Within seconds, Jane and Dee were alone in the apartment, and Jane couldn’t bring herself to look anywhere but the floor. “I’m so sorry,” she mumbled. “This was a mistake. Please just forget—”
“Are you kidding me?”
Jane glanced up, startled. Dee’s eyes were wide, her smile even wider. Her skin shone and sheaves of tangled dark hair fell around her face. “You’re one of them, aren’t you? I was babbling away in the store that day, and this whole time you were one of them?”
Jane’s mouth opened, but no sound came out.
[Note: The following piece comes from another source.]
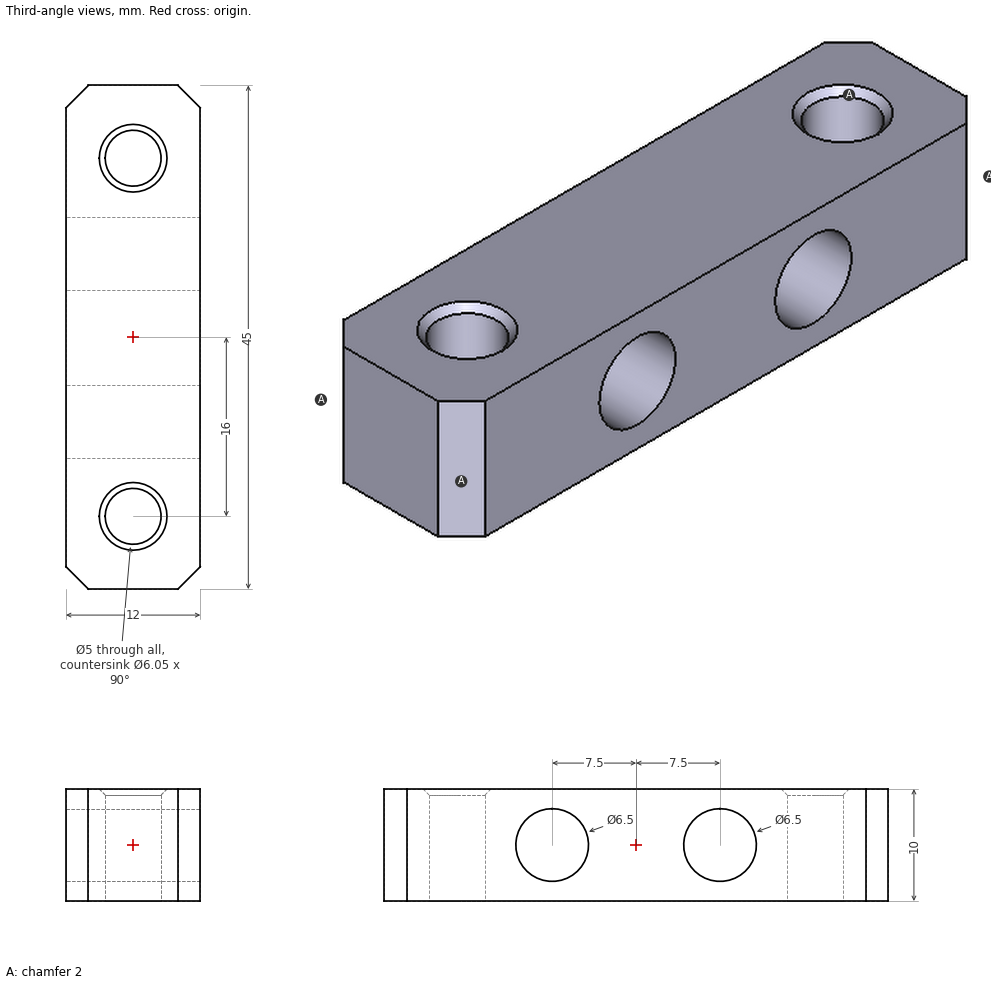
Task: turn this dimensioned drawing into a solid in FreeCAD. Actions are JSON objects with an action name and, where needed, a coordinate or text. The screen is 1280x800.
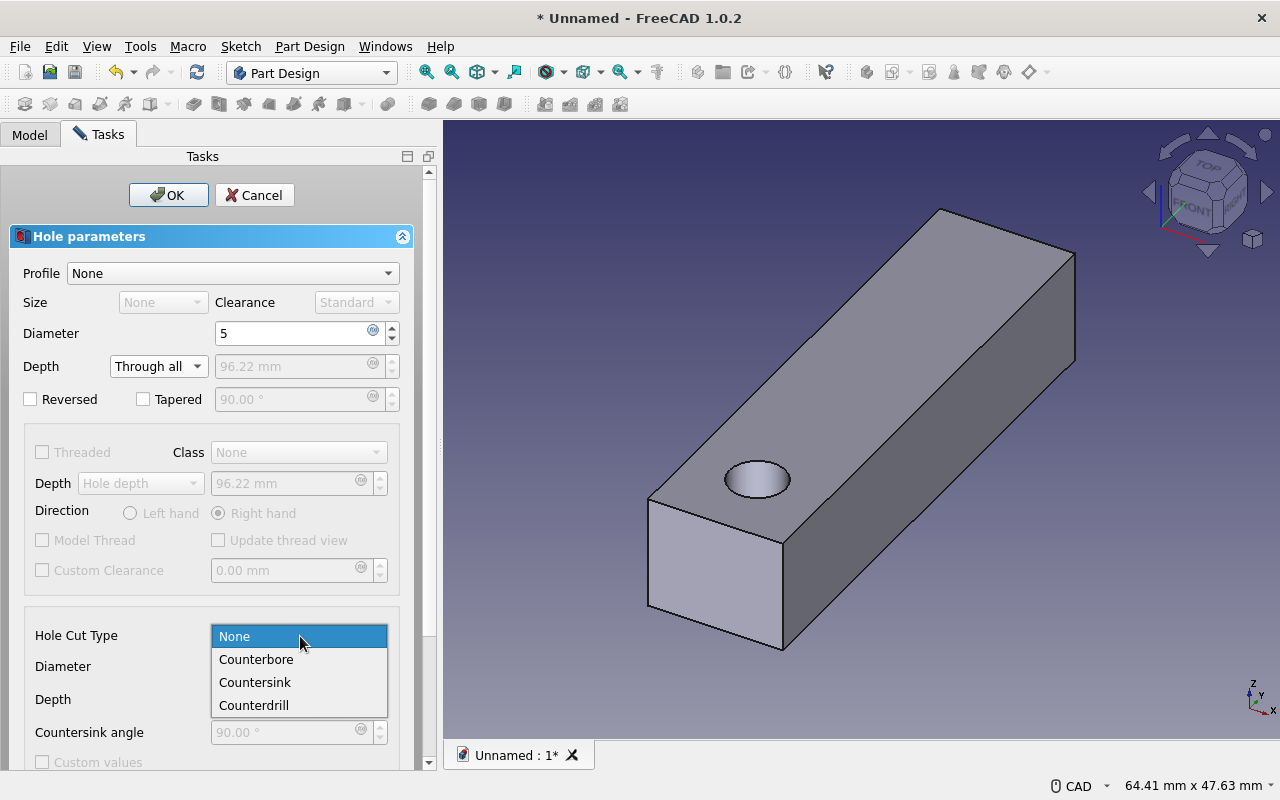
{"action": "left_click", "coordinate": [298, 682]}

She felt trapped. She had unwittingly jumped in with both feet and given herself away in front of six strangers. Now, she realized abruptly, there was nothing to do but ask for the help she had come for. “You’re right,” she forced her voice to say. “It is genetic.”
Dee grinned and shoved a cushion at her. “Nifty. Now would you sit the hell back down already?” Her amber eyes sparkled wickedly. “Let’s find out how it works.”